The New Yorker book blog pretends it’s 2008, trashes ebooks

It makes me cringe when The New Yorker stumbles, even if the accident happens on one of its blog divisions and not within an actual issue. Maybe I’m hero-worshipping too much, but I like to think the writers and editors there hold themselves, and their readers, to a more stringent standard of reasoning, which means: no stupid statements in print, and no us-vs-them journalism.

This anti-Kindle blog post from earlier today commits both sins:

“Am I supposed to understand the desire of the Kindle to be held and read? Or the humans who prefer them to books? When I read a book all the way through to the end, I want the evidence stuffed and mounted on my bookshelf. My suspicion is that people who prefer e-readers use them primarily to read Harlan Coben, and are happy to be able to delete the physical evidence.”
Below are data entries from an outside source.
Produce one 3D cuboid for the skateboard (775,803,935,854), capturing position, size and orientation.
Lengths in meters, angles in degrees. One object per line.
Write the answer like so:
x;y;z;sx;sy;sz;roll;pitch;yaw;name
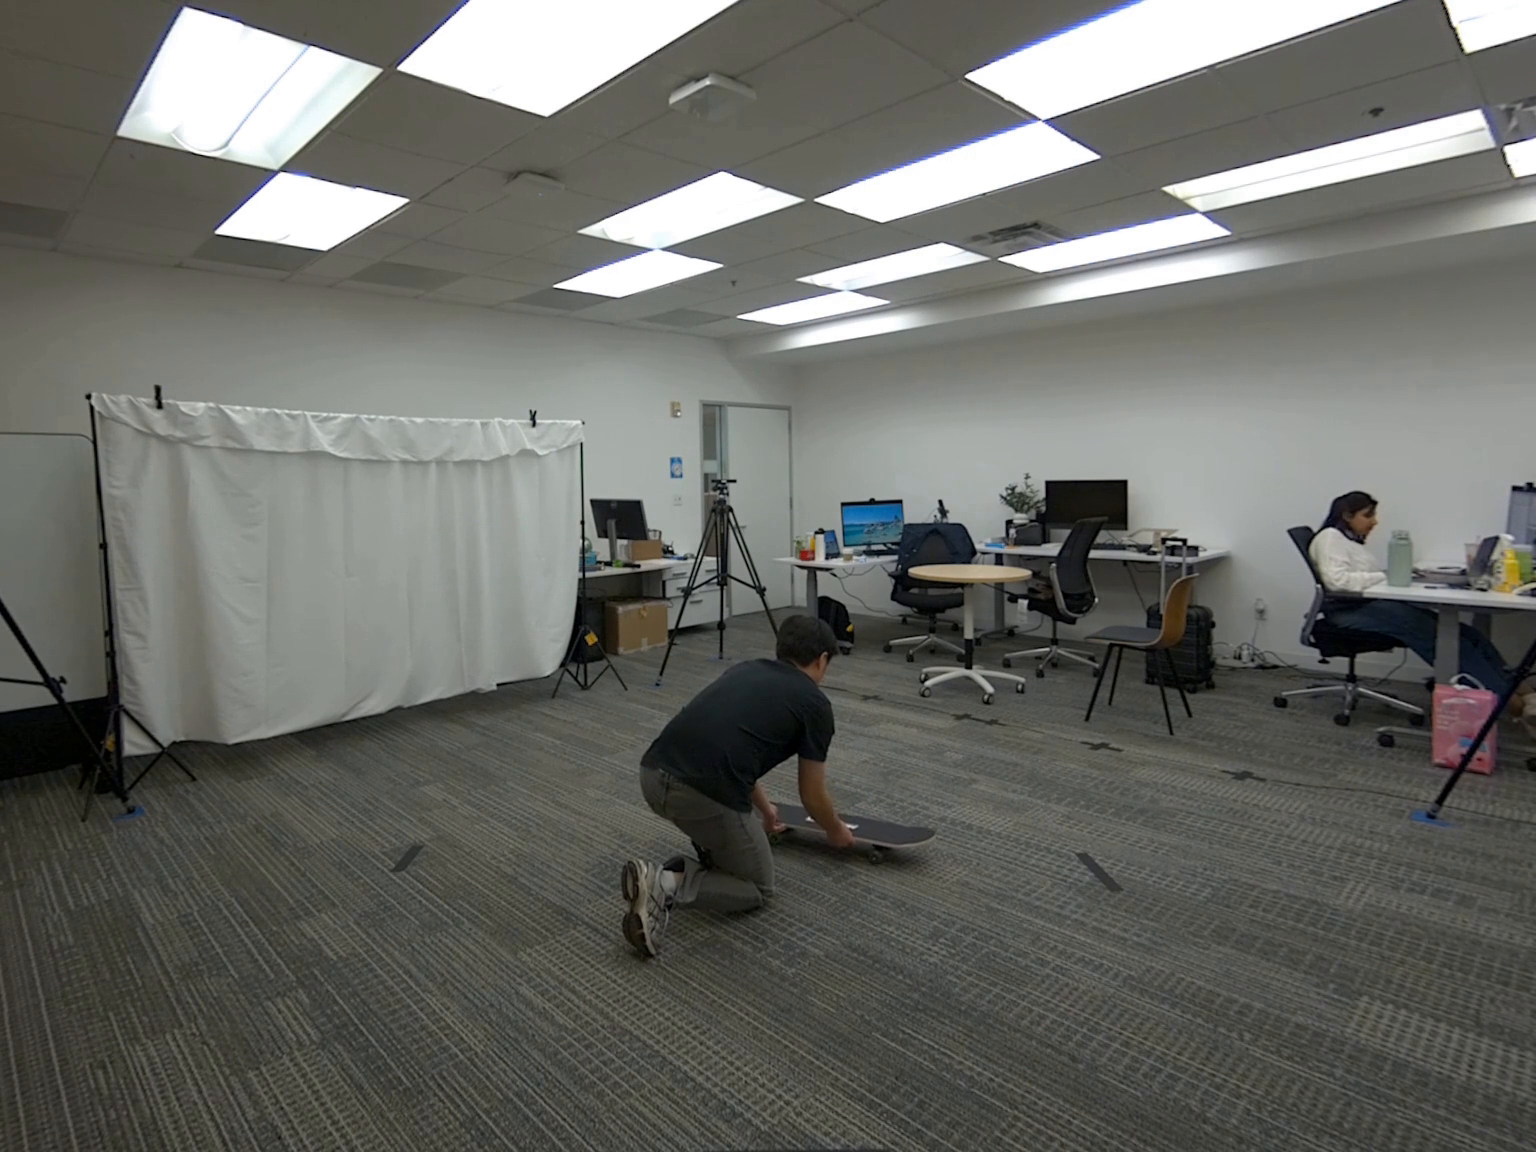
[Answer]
0.235;0.961;3.249;0.805;0.110;0.189;2;6;27;skateboard

I’d say the post is about 80% tongue-in-cheek, and after that opening the writer goes on to discuss the current spate of popular technology books. But the underlying tone–which is against not just the Kindle but the entire concept of ebooks–remains as reactionary and closed-minded as any screed you could find in newspapers, magazines and websites all over the U.S. from 2008 to 2010. Jeez, even David Pogue, who is pretty much a stand-in for the mainstream when it comes to consumer technology, has stopped trashing them!

And although I shouldn’t have to, just to be clear I want to state that I see no problem with buying print editions instead of, or even in addition to, digital editions. That “you’re either with me or against me” mentality is so damned dispiriting when you’re a book-loving geek.